• PROBLEM DETAILS: Take the listing from its first line through the line that contains "2. In knot theory, ambient" and please retype those lines exactly, leaving out the pictures.

• RECORDS TO PROCESS:
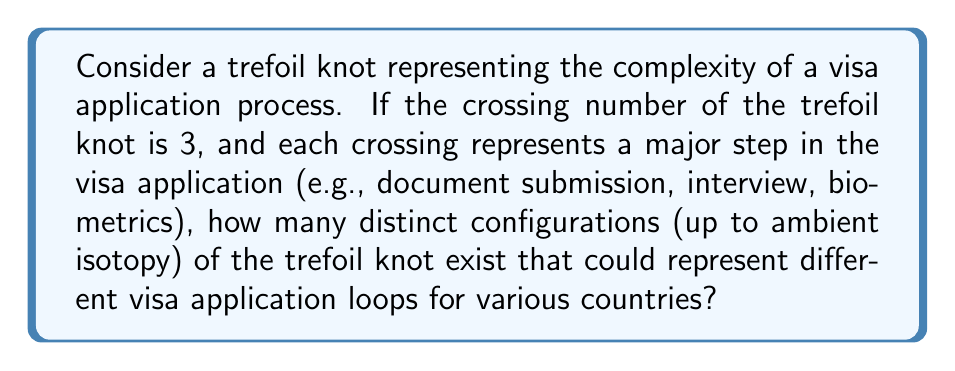Solve this math problem. To solve this problem, we need to consider the properties of the trefoil knot in relation to visa application loops:

1. The trefoil knot is the simplest non-trivial knot, with a crossing number of 3.

2. In knot theory, ambient isotopy is a way of deforming a knot without cutting or passing it through itself. This is analogous to different countries having similar visa processes but with slight variations.

3. The trefoil knot has a property called chirality, meaning it comes in two distinct forms: left-handed and right-handed. These are not ambient isotopic to each other.

4. The number of distinct configurations of the trefoil knot up to ambient isotopy is determined by its chirality.

5. For each chiral form (left-handed and right-handed), there is only one distinct configuration up to ambient isotopy.

Therefore, the number of distinct configurations of the trefoil knot that could represent different visa application loops is:

$$ \text{Number of configurations} = \text{Number of chiral forms} = 2 $$

This means there are two fundamentally different ways the visa application process (represented by the trefoil knot) can be structured, which could correspond to significantly different approaches taken by various countries.
Answer: 2

• SOLUTION:
Solve this math problem. To solve this problem, we need to consider the properties of the trefoil knot in relation to visa application loops:

1. The trefoil knot is the simplest non-trivial knot, with a crossing number of 3.

2. In knot theory, ambient isotopy is a way of deforming a knot without cutting or passing it through itself. This is analogous to different countries having similar visa processes but with slight variations.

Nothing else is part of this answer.